We showed previously that excess GCs and NE kill leukocytes (Lucin et al., 2007; Lucin et al., 2009). Because recurrent activation of SPNs during bouts of AD should cause GCs and NE to accumulate in the circulation and spleen, we predicted that AD-induced changes in GCs/NE would correlate with the development of post-SCI immune suppression. In support of this hypothesis, we found that blood CORT (endogenous GC in mice) and splenic NE levels increased significantly 15–35 dpi after T3 SCI, when the frequency of spontaneous AD increases >2-fold (∼12–25 episodes/d; Fig. 2). Circulating CORT and splenic NE also were elevated after T9 SCI; however, significant differences were not evident until 28 dpi and then were at least 30% lower than in T3 SCI mice.
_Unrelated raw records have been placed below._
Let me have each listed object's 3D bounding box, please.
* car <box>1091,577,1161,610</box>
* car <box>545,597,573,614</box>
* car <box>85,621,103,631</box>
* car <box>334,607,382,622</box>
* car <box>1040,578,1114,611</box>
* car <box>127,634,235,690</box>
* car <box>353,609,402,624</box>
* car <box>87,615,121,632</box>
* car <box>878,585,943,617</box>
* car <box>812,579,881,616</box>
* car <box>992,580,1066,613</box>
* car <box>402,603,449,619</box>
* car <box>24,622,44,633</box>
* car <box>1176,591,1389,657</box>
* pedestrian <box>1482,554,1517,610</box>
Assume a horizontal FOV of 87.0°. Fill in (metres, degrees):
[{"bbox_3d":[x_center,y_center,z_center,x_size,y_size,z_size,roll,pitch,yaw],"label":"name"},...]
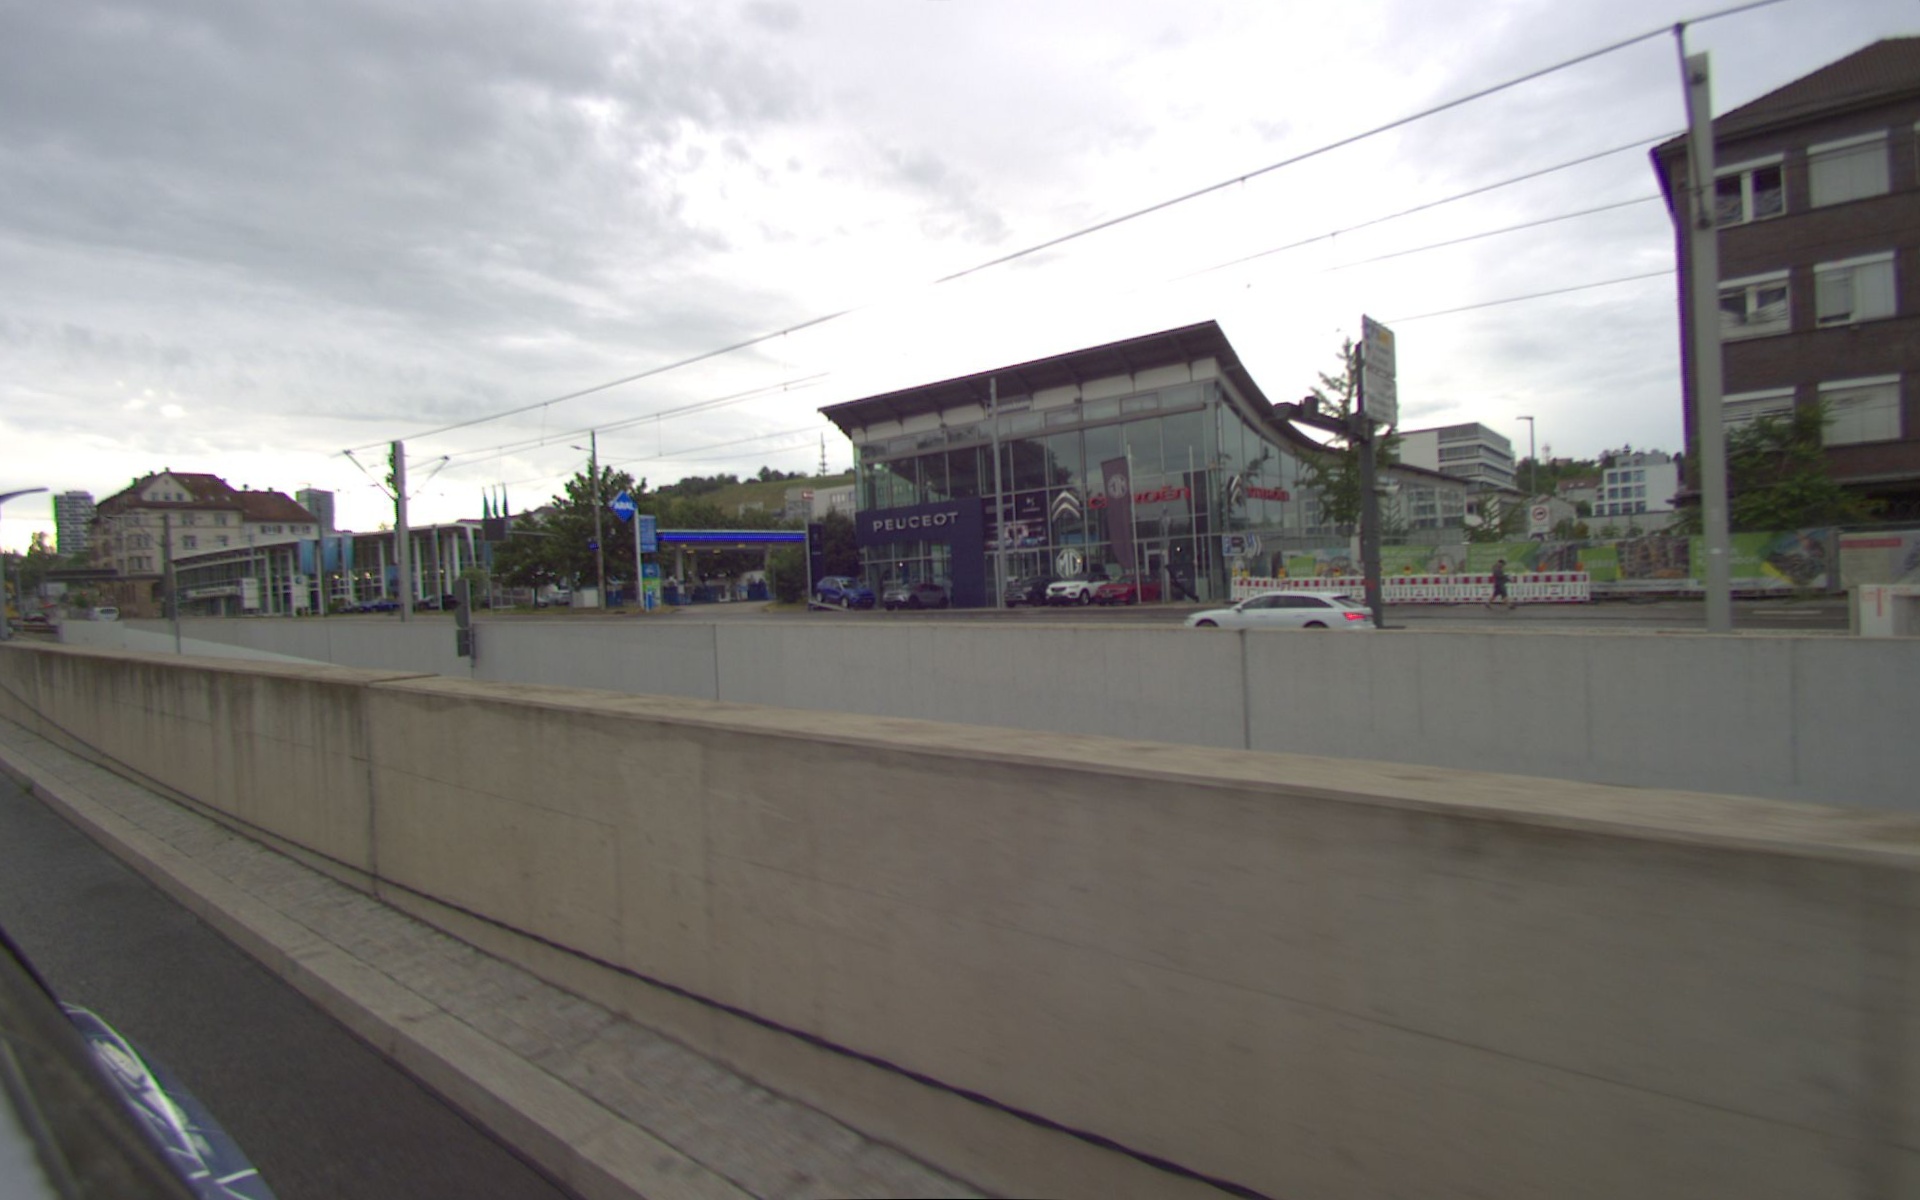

Concentrations of circulating CORT and splenic NE increase as the frequency of spontaneous AD increases. A, RIA analysis of CORT levels in serum from mice at 0, 15, and 28 dpi (n = 3–4/group). B, HPLC analysis of splenic NE levels at 21 and 35 dpi (n = 5/group). Extraction efficiency and system recovery was 93.3%. *p < 0.05; **p < 0.01; ***p < 0.001.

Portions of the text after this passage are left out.